TASK TO COMPLETE
Could you write out, word for word, each line from the one containing "3) Calculate the" to the last line of the data below, both included and nothing more?

+++ DATA FOR THIS EXERCISE +++

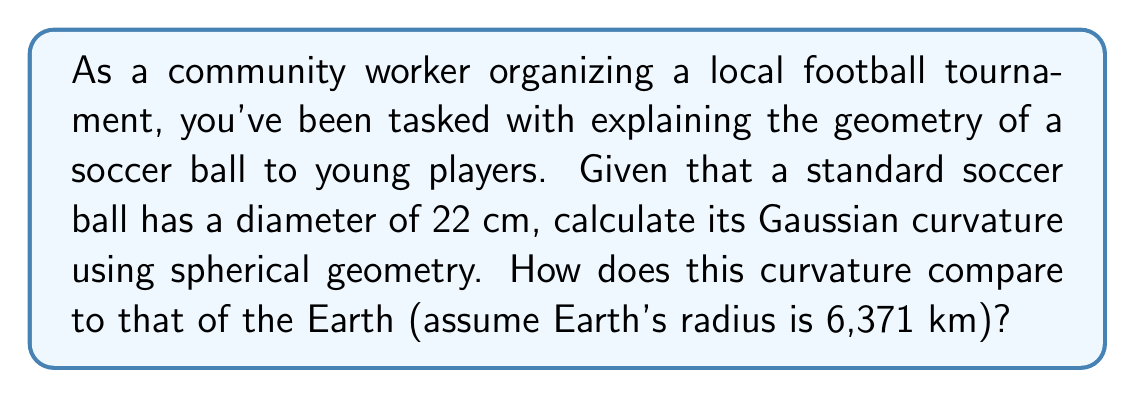Give your solution to this math problem. Let's approach this step-by-step:

1) In spherical geometry, the Gaussian curvature $K$ of a sphere is given by:

   $$K = \frac{1}{R^2}$$

   where $R$ is the radius of the sphere.

2) For the soccer ball:
   - Diameter = 22 cm
   - Radius = 11 cm = 0.11 m

3) Calculate the curvature of the soccer ball:

   $$K_{ball} = \frac{1}{(0.11 \text{ m})^2} = 82.64 \text{ m}^{-2}$$

4) For Earth:
   - Radius = 6,371 km = 6,371,000 m

5) Calculate the curvature of Earth:

   $$K_{Earth} = \frac{1}{(6,371,000 \text{ m})^2} = 2.46 \times 10^{-14} \text{ m}^{-2}$$

6) To compare, we can divide the curvature of the soccer ball by the curvature of Earth:

   $$\frac{K_{ball}}{K_{Earth}} = \frac{82.64}{2.46 \times 10^{-14}} \approx 3.36 \times 10^{15}$$

This means the soccer ball's curvature is about 3.36 trillion times greater than Earth's.
Answer: $K_{ball} = 82.64 \text{ m}^{-2}$; $3.36 \times 10^{15}$ times Earth's curvature

+++

SOLUTION TO THIS TASK
3) Calculate the curvature of the soccer ball:

   $$K_{ball} = \frac{1}{(0.11 \text{ m})^2} = 82.64 \text{ m}^{-2}$$

4) For Earth:
   - Radius = 6,371 km = 6,371,000 m

5) Calculate the curvature of Earth:

   $$K_{Earth} = \frac{1}{(6,371,000 \text{ m})^2} = 2.46 \times 10^{-14} \text{ m}^{-2}$$

6) To compare, we can divide the curvature of the soccer ball by the curvature of Earth:

   $$\frac{K_{ball}}{K_{Earth}} = \frac{82.64}{2.46 \times 10^{-14}} \approx 3.36 \times 10^{15}$$

This means the soccer ball's curvature is about 3.36 trillion times greater than Earth's.
Answer: $K_{ball} = 82.64 \text{ m}^{-2}$; $3.36 \times 10^{15}$ times Earth's curvature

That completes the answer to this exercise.